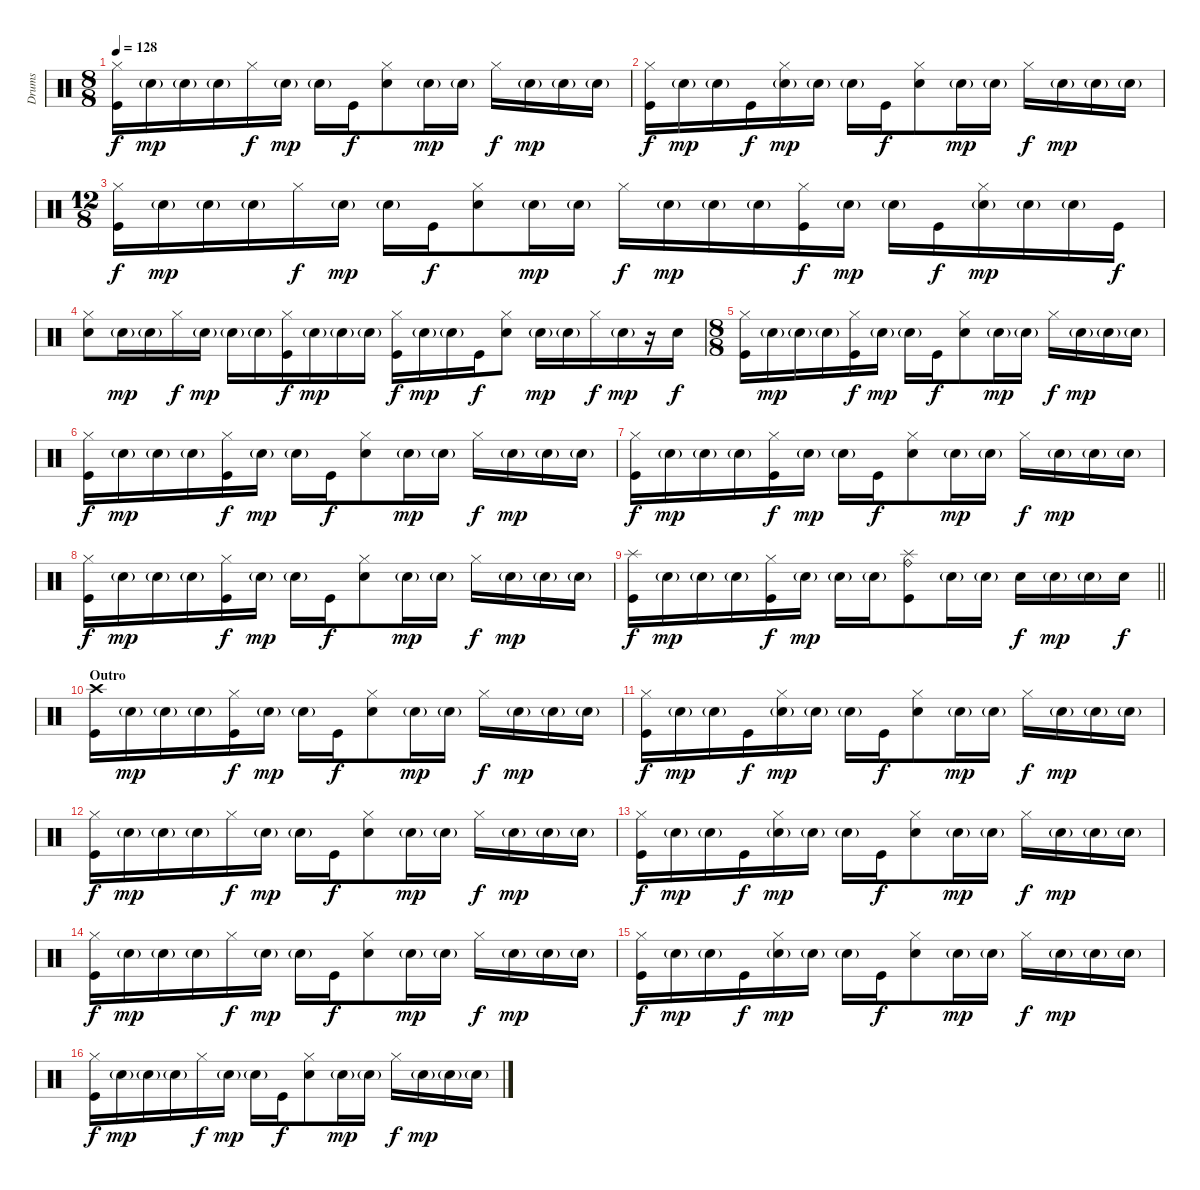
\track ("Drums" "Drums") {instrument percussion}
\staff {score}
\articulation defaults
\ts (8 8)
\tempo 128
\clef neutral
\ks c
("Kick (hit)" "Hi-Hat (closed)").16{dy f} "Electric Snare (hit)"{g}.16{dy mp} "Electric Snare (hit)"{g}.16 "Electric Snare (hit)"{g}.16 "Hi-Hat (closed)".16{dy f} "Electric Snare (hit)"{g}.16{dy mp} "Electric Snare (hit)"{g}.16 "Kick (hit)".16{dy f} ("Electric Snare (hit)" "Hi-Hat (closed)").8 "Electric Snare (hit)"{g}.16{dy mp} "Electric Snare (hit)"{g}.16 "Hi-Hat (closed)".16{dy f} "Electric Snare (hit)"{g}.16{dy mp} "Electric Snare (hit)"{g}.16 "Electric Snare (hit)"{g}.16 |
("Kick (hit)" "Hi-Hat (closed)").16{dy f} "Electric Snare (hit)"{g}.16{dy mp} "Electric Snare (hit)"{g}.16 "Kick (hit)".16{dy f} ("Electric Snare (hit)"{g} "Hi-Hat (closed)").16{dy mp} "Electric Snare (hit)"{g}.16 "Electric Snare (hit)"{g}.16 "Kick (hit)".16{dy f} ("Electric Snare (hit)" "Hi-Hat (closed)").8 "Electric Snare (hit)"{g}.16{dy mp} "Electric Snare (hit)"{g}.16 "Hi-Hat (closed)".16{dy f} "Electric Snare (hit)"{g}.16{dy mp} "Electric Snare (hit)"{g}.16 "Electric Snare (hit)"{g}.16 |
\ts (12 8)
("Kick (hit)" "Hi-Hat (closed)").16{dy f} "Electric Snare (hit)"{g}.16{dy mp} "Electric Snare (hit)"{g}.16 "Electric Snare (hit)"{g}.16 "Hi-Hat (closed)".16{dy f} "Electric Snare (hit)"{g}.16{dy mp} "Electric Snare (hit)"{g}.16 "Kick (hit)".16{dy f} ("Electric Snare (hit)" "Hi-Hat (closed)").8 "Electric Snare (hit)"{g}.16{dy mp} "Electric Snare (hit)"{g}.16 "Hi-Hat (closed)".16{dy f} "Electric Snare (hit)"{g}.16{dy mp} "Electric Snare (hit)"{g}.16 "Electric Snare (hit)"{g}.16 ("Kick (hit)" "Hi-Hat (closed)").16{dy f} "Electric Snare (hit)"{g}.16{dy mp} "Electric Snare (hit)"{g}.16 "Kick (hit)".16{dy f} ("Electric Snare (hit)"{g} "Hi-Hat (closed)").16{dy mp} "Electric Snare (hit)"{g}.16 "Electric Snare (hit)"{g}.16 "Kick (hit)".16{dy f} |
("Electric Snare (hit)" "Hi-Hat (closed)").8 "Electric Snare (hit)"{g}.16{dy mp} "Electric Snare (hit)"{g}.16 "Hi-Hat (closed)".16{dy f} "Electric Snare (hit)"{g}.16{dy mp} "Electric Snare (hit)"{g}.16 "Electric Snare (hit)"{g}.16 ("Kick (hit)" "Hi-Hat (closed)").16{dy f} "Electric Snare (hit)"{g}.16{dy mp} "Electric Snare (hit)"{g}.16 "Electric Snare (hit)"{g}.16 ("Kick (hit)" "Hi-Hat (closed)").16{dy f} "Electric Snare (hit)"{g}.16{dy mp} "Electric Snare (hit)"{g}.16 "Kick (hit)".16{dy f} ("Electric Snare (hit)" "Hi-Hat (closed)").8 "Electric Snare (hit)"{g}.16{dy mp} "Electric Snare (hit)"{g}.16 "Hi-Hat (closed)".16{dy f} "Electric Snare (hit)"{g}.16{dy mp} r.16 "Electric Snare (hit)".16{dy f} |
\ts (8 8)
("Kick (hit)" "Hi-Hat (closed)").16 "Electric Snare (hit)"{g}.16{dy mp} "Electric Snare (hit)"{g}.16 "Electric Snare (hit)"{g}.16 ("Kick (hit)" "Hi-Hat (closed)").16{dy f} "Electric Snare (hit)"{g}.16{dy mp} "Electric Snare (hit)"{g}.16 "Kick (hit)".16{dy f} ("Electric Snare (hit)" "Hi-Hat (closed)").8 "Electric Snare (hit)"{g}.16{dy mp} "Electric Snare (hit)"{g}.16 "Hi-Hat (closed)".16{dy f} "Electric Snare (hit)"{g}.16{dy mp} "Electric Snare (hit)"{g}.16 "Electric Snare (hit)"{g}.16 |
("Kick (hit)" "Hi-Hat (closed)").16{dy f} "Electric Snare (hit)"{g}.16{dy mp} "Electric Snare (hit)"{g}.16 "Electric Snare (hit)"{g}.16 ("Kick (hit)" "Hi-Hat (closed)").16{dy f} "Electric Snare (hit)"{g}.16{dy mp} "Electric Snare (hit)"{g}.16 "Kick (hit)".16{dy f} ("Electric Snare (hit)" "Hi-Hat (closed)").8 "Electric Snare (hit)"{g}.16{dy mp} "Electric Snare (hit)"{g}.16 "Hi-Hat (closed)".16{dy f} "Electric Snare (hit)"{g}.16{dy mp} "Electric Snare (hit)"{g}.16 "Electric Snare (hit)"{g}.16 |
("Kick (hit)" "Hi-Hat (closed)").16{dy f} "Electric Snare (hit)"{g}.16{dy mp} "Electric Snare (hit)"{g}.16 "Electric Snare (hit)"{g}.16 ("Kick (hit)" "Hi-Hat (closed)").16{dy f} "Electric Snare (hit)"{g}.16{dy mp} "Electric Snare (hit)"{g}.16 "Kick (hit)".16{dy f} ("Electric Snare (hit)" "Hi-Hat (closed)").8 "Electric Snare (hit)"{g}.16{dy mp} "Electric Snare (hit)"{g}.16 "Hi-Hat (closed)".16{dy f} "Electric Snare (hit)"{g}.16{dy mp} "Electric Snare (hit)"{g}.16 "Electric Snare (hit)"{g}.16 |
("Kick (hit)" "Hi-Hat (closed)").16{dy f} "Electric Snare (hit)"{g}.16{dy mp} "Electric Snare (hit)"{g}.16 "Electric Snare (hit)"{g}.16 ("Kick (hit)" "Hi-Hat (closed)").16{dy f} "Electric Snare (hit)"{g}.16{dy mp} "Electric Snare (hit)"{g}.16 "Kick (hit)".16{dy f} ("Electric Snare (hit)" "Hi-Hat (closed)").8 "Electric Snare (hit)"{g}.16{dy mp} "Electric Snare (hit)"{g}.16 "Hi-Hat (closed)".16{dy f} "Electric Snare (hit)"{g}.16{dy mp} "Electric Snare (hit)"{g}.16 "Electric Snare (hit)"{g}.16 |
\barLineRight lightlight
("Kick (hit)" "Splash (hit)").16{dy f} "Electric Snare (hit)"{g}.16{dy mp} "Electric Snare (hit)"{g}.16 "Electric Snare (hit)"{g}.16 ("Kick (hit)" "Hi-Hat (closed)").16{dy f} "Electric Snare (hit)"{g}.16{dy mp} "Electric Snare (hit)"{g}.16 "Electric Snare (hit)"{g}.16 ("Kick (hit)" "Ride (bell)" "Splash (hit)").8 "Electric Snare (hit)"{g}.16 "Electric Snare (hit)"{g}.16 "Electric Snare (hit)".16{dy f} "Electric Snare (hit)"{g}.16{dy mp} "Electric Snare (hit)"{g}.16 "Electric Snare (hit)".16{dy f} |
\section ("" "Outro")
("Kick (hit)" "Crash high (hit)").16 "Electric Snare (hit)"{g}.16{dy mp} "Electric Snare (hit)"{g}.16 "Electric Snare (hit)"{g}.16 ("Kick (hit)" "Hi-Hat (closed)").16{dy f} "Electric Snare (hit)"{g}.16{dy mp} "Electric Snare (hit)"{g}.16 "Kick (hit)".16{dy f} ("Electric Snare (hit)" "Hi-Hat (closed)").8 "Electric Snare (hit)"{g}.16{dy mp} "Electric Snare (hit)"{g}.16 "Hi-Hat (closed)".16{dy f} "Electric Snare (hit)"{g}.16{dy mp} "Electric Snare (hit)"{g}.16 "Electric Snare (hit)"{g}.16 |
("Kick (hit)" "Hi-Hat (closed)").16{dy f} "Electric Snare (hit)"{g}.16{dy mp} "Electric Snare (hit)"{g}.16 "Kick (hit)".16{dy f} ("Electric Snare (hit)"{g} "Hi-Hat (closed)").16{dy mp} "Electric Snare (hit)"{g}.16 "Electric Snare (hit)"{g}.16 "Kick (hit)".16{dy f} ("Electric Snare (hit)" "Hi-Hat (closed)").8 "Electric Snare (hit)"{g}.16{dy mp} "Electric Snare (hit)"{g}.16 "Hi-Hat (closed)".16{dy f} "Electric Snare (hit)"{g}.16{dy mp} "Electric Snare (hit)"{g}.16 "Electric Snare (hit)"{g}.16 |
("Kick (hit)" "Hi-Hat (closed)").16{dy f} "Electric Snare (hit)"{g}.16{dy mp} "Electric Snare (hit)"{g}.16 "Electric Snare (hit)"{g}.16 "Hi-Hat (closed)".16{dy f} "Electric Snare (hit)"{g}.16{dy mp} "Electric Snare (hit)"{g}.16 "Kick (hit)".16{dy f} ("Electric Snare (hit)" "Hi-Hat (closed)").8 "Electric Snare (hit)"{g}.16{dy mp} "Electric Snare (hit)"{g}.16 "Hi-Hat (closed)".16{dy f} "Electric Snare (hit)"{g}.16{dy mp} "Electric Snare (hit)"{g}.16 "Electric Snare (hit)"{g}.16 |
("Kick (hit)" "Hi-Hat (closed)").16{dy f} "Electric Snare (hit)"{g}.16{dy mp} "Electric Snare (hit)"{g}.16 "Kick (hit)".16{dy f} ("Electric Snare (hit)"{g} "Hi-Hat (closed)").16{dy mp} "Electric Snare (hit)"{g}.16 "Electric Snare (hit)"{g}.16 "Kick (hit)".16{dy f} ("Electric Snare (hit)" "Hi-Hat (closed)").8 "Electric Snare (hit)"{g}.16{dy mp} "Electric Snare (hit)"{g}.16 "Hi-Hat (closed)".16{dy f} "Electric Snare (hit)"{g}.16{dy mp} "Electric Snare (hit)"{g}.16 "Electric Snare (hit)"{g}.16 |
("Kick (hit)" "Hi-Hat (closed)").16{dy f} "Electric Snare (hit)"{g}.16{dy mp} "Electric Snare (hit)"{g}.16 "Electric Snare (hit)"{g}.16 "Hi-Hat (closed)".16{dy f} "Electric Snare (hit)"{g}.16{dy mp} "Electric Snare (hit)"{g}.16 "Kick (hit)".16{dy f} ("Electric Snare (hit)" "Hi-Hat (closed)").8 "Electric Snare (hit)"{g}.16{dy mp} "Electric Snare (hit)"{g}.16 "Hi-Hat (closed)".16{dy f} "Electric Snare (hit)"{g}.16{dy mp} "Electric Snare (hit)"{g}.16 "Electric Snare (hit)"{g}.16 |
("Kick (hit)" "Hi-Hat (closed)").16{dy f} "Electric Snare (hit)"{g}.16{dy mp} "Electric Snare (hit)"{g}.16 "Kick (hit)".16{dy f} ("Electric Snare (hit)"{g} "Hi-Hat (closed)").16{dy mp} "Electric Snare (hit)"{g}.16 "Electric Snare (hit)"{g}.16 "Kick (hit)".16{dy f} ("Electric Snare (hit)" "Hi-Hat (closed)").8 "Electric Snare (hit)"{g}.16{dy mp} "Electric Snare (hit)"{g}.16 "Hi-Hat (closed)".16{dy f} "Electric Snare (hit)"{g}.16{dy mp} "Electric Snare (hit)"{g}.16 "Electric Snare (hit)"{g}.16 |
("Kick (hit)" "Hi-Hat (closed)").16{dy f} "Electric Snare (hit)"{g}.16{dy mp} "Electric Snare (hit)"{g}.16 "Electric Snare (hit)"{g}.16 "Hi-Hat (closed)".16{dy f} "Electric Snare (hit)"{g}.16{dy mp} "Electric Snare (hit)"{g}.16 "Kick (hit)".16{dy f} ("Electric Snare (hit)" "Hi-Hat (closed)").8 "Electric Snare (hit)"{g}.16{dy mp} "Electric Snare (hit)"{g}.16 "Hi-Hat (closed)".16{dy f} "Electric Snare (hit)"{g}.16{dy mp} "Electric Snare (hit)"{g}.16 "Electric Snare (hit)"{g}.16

...

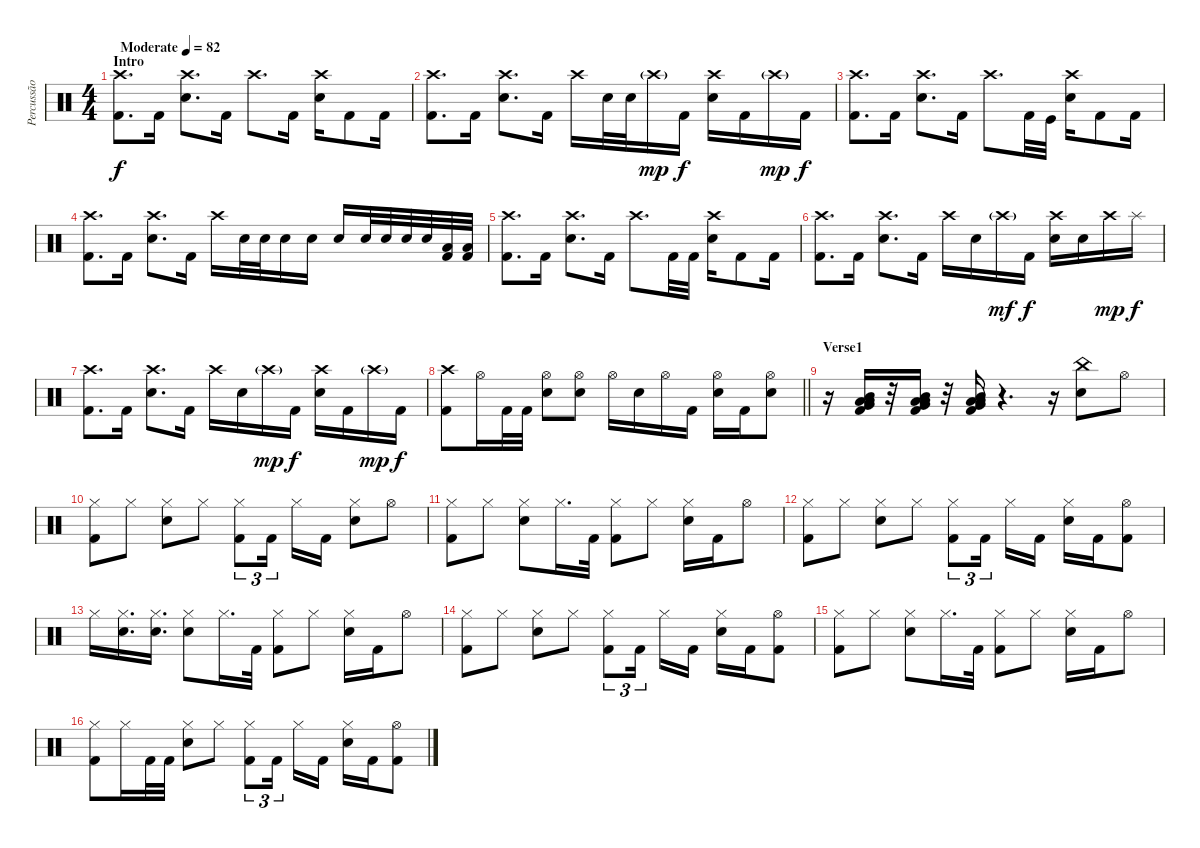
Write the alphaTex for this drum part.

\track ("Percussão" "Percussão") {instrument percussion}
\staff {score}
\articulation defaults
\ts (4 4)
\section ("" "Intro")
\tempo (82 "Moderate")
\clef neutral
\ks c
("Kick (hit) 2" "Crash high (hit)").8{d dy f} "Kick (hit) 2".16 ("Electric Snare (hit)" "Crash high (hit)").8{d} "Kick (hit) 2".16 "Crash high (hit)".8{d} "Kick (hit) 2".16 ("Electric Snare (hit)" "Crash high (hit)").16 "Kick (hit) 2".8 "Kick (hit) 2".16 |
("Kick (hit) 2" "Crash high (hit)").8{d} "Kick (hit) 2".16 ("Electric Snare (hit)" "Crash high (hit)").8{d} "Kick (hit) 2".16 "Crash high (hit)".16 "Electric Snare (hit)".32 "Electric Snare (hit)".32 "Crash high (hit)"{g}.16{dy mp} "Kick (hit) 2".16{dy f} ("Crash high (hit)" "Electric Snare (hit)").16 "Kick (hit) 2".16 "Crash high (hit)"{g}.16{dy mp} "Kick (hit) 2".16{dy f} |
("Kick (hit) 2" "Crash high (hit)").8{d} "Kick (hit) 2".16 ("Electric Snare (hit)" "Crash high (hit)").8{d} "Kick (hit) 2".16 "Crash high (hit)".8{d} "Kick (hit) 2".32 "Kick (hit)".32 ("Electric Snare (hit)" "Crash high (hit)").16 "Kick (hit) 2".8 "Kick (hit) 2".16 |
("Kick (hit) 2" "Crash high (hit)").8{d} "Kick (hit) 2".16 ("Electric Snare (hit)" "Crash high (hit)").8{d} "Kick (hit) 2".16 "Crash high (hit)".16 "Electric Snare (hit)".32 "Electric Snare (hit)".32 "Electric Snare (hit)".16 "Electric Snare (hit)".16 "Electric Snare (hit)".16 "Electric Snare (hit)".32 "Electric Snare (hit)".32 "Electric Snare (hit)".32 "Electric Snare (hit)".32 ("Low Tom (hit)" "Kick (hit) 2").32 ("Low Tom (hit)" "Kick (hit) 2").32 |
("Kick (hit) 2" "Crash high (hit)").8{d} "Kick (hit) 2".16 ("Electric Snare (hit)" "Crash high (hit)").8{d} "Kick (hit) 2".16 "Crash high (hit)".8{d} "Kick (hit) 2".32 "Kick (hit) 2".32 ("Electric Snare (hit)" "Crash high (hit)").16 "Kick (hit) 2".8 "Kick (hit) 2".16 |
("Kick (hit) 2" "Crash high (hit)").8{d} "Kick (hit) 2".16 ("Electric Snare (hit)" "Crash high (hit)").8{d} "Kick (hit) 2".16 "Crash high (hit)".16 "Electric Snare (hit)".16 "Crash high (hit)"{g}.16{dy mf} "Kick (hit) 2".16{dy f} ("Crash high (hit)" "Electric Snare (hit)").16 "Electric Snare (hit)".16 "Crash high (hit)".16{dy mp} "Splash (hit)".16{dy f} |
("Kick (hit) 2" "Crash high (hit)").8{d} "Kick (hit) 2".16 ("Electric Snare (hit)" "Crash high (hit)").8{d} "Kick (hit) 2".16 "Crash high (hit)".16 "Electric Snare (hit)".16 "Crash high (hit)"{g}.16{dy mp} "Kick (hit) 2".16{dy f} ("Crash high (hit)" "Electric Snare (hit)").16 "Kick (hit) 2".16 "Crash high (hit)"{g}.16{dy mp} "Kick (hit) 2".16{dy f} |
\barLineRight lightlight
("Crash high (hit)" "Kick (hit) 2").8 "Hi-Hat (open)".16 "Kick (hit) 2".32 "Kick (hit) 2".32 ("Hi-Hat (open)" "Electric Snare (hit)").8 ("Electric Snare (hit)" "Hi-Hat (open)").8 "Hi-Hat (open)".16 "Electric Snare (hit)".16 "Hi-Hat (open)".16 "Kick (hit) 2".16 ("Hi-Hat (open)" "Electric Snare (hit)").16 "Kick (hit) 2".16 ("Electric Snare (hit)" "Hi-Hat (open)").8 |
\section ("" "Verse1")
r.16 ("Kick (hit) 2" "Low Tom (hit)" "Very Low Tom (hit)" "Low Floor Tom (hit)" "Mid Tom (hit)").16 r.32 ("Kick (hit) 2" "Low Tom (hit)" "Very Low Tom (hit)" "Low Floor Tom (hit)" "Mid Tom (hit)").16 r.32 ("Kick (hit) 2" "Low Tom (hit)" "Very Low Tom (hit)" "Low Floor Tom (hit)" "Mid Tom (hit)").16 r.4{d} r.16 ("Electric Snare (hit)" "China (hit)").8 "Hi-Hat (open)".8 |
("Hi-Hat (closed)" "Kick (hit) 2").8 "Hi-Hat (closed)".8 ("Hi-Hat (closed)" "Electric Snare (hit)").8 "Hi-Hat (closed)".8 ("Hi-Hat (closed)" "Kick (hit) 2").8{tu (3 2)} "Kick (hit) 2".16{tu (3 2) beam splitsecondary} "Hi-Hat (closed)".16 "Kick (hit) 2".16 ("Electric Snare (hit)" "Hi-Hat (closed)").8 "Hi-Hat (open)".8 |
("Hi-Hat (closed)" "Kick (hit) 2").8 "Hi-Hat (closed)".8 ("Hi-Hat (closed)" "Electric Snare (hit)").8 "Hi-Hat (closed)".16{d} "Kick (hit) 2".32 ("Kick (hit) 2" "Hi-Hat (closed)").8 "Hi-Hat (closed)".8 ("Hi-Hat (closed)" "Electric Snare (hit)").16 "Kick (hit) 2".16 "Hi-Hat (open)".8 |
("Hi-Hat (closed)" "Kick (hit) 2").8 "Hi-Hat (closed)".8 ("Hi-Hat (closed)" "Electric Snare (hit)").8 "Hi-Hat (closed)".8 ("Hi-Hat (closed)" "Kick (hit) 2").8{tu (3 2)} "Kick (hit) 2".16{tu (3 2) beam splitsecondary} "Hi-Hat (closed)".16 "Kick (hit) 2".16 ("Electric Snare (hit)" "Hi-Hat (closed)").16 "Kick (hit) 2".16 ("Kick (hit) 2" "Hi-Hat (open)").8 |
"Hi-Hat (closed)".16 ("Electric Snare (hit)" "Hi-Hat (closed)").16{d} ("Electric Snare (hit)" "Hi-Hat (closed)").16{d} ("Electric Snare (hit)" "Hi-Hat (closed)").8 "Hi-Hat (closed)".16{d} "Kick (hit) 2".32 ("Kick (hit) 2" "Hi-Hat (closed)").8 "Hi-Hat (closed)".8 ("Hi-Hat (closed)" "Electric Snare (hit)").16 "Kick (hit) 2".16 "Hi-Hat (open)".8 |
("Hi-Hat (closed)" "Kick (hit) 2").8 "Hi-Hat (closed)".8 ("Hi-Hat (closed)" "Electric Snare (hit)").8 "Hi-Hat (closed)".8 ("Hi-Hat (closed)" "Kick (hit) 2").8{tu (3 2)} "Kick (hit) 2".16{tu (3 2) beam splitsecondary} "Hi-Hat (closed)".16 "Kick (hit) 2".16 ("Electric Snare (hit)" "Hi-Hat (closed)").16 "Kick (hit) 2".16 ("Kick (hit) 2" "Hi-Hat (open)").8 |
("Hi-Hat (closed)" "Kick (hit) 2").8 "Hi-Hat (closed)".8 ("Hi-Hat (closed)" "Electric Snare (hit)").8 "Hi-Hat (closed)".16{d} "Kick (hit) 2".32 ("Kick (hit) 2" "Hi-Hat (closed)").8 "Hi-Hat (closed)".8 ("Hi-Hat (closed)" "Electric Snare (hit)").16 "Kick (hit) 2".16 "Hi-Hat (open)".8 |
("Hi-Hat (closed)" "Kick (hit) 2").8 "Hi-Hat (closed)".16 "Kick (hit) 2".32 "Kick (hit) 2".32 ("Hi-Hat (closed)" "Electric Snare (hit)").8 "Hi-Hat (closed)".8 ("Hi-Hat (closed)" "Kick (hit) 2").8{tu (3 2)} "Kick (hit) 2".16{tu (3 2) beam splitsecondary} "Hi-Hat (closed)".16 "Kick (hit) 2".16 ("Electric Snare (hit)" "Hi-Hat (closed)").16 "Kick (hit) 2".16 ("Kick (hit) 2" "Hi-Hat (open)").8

## WORK ITEM:
Read the entries above and find each line holding the word "instrument". Copy it out.

## RESPONSE BELOW:
\track ("Drums" "Drums") {instrument percussion}
\track ("Percussão" "Percussão") {instrument percussion}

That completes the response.